Data extracted from a collection:
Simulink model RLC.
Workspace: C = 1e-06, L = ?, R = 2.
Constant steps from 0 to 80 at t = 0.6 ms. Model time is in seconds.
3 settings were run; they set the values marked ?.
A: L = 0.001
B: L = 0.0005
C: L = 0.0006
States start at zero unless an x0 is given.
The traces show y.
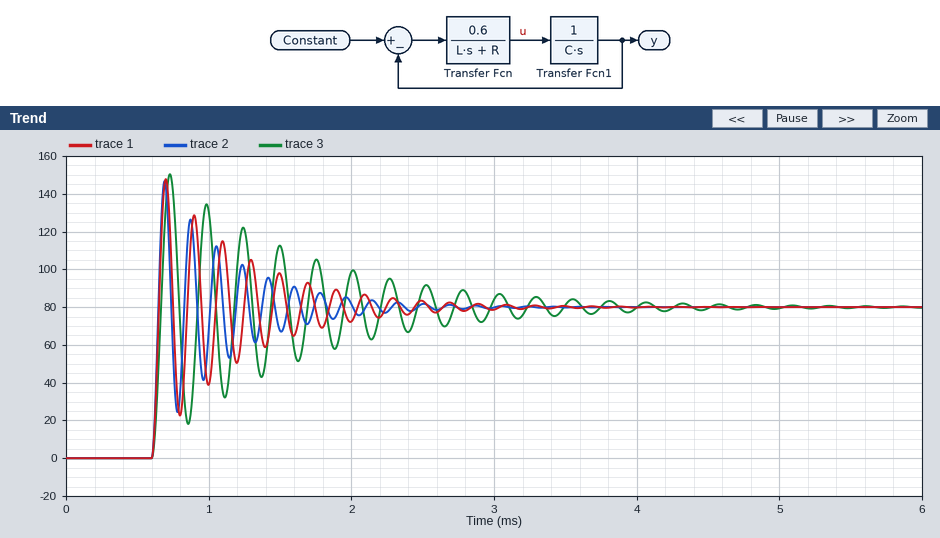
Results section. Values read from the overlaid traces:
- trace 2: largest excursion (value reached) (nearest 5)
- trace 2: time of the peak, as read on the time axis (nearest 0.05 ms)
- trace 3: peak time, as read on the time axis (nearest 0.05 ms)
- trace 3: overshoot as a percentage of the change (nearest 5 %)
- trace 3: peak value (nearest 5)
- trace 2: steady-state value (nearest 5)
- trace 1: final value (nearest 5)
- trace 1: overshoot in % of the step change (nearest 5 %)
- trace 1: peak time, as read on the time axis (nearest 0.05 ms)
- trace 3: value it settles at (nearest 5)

145
0.70 ms
0.75 ms
90 %
150
80
80
85 %
0.70 ms
80
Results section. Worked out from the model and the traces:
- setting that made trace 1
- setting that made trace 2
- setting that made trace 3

C
B
A
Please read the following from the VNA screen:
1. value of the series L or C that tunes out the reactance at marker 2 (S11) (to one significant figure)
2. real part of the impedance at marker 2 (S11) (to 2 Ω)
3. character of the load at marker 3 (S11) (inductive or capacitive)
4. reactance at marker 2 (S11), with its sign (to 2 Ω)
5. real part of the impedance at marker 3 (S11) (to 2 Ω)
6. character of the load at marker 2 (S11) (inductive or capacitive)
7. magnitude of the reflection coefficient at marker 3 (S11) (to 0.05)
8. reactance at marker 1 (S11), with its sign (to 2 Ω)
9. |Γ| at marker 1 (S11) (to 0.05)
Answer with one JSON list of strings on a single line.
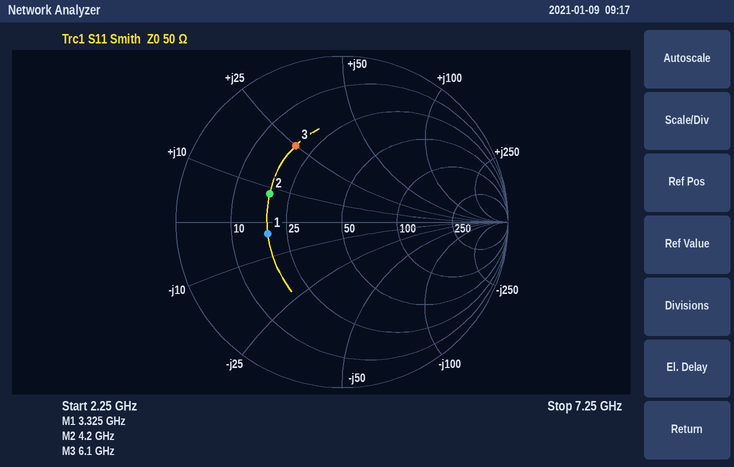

* REQUIRED WORK
Each line that holds the word "reactance" should be extracted from the records.

* FINISHED TASK
1. value of the series L or C that tunes out the reactance at marker 2 (S11) (to one significant figure)
4. reactance at marker 2 (S11), with its sign (to 2 Ω)
8. reactance at marker 1 (S11), with its sign (to 2 Ω)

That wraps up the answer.